Please quote exactly the lines below from the line containing "picture [835, 649, 861, 674]" to the line containing "text Dit artikel", both lines included, and nothing else.

Start of Block

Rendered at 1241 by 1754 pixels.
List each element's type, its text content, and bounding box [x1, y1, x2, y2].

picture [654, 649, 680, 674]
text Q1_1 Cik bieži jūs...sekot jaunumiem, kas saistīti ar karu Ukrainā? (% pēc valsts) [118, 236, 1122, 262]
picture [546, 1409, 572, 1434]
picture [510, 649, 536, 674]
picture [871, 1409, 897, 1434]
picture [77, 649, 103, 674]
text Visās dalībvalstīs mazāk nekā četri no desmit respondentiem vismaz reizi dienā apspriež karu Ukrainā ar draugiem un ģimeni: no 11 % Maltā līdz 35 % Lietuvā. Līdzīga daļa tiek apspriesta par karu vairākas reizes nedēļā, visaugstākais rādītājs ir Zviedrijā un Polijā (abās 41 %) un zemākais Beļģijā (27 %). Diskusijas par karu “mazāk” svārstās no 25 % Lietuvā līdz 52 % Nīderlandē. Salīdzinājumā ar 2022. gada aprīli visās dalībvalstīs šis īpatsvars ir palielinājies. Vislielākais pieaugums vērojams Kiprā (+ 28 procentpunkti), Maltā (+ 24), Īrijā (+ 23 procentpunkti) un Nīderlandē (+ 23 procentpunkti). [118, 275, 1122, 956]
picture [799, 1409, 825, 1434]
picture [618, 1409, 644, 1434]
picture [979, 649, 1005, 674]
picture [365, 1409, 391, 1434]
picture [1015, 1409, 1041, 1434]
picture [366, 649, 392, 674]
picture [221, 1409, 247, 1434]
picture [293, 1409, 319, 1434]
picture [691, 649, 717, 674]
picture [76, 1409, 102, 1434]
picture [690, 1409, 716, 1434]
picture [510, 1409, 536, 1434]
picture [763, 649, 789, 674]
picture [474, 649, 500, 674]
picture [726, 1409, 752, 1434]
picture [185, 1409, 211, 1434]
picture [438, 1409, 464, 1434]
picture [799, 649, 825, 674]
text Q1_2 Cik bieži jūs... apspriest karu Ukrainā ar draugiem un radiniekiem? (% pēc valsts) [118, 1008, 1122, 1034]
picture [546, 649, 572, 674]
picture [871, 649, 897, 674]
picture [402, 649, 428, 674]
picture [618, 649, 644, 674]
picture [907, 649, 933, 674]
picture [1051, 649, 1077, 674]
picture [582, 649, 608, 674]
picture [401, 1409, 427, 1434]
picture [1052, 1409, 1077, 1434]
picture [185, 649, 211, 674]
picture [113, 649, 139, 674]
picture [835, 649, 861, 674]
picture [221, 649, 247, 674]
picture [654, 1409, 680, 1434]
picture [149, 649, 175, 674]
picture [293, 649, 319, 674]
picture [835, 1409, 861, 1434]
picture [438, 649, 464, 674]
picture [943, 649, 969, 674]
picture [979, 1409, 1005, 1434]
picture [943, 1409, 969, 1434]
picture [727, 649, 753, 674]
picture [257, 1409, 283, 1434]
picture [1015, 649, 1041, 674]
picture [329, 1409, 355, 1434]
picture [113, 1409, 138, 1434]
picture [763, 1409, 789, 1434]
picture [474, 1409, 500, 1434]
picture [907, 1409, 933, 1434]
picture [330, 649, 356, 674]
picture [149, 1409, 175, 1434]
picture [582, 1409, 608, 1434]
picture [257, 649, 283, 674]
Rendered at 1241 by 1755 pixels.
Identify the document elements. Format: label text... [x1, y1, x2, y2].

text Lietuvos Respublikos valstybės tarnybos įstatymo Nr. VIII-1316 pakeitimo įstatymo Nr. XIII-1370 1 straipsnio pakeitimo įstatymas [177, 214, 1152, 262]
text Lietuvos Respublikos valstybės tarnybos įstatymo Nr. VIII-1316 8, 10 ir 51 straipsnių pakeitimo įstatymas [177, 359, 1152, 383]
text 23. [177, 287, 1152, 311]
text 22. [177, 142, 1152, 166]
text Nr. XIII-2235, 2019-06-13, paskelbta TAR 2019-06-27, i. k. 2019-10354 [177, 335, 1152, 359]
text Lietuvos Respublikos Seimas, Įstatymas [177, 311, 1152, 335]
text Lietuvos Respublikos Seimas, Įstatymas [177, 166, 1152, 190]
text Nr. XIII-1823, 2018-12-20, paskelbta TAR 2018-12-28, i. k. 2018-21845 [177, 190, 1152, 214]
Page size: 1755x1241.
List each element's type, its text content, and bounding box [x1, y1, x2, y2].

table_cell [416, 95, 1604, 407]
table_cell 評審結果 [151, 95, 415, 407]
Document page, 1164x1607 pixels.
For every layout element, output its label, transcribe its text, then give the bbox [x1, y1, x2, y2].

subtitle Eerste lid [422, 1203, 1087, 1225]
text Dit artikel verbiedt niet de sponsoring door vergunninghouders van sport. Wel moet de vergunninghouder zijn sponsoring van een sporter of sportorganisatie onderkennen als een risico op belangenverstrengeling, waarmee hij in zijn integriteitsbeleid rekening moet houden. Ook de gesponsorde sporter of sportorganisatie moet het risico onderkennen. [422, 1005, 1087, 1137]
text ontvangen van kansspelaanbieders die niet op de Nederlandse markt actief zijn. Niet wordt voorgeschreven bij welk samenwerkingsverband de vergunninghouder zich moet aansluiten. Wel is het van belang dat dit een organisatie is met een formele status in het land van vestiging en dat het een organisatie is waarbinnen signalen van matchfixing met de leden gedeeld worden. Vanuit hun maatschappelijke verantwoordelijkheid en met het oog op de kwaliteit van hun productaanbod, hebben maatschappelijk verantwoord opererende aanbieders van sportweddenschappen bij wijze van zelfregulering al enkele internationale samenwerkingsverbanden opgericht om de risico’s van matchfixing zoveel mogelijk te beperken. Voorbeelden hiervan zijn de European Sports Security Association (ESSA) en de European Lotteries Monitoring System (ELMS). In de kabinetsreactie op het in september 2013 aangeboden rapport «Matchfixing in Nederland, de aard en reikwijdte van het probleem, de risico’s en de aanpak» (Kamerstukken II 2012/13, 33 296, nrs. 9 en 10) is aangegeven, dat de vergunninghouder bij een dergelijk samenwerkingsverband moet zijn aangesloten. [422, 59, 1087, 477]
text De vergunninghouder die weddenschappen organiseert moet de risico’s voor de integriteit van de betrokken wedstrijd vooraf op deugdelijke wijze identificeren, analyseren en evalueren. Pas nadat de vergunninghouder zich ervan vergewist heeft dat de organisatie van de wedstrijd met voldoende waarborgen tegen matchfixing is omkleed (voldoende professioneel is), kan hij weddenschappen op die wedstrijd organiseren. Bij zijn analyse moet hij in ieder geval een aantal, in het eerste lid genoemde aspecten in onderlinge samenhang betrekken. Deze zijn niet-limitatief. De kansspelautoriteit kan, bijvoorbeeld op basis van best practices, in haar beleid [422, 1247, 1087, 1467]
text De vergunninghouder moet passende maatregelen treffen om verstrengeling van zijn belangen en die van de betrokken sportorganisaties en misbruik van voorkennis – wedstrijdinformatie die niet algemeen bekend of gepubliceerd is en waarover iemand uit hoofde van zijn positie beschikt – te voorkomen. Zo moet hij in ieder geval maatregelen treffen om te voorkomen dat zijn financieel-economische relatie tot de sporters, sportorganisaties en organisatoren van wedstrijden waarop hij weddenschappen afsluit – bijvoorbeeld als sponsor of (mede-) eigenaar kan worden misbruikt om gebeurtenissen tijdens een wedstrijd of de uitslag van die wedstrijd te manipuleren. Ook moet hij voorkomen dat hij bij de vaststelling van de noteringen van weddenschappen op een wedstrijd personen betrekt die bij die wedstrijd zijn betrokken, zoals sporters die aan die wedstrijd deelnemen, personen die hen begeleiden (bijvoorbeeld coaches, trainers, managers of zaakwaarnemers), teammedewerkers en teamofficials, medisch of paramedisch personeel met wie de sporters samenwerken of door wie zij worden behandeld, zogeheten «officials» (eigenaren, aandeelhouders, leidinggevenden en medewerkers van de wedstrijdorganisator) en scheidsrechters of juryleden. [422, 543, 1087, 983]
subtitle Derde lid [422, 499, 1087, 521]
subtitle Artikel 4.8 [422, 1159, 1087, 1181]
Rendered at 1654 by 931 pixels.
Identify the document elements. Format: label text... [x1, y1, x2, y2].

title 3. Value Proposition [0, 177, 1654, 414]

End of Block

■ Task answer
picture [835, 649, 861, 674]
picture [221, 649, 247, 674]
picture [654, 1409, 680, 1434]
picture [149, 649, 175, 674]
picture [293, 649, 319, 674]
picture [835, 1409, 861, 1434]
picture [438, 649, 464, 674]
picture [943, 649, 969, 674]
picture [979, 1409, 1005, 1434]
picture [943, 1409, 969, 1434]
picture [727, 649, 753, 674]
picture [257, 1409, 283, 1434]
picture [1015, 649, 1041, 674]
picture [329, 1409, 355, 1434]
picture [113, 1409, 138, 1434]
picture [763, 1409, 789, 1434]
picture [474, 1409, 500, 1434]
picture [907, 1409, 933, 1434]
picture [330, 649, 356, 674]
picture [149, 1409, 175, 1434]
picture [582, 1409, 608, 1434]
picture [257, 649, 283, 674]
Rendered at 1241 by 1755 pixels.
Identify the document elements. Format: label text... [x1, y1, x2, y2].

text Lietuvos Respublikos valstybės tarnybos įstatymo Nr. VIII-1316 pakeitimo įstatymo Nr. XIII-1370 1 straipsnio pakeitimo įstatymas [177, 214, 1152, 262]
text Lietuvos Respublikos valstybės tarnybos įstatymo Nr. VIII-1316 8, 10 ir 51 straipsnių pakeitimo įstatymas [177, 359, 1152, 383]
text 23. [177, 287, 1152, 311]
text 22. [177, 142, 1152, 166]
text Nr. XIII-2235, 2019-06-13, paskelbta TAR 2019-06-27, i. k. 2019-10354 [177, 335, 1152, 359]
text Lietuvos Respublikos Seimas, Įstatymas [177, 311, 1152, 335]
text Lietuvos Respublikos Seimas, Įstatymas [177, 166, 1152, 190]
text Nr. XIII-1823, 2018-12-20, paskelbta TAR 2018-12-28, i. k. 2018-21845 [177, 190, 1152, 214]
Page size: 1755x1241.
List each element's type, its text content, and bounding box [x1, y1, x2, y2].

table_cell [416, 95, 1604, 407]
table_cell 評審結果 [151, 95, 415, 407]
Document page, 1164x1607 pixels.
For every layout element, output its label, transcribe its text, then give the bbox [x1, y1, x2, y2].

subtitle Eerste lid [422, 1203, 1087, 1225]
text Dit artikel verbiedt niet de sponsoring door vergunninghouders van sport. Wel moet de vergunninghouder zijn sponsoring van een sporter of sportorganisatie onderkennen als een risico op belangenverstrengeling, waarmee hij in zijn integriteitsbeleid rekening moet houden. Ook de gesponsorde sporter of sportorganisatie moet het risico onderkennen. [422, 1005, 1087, 1137]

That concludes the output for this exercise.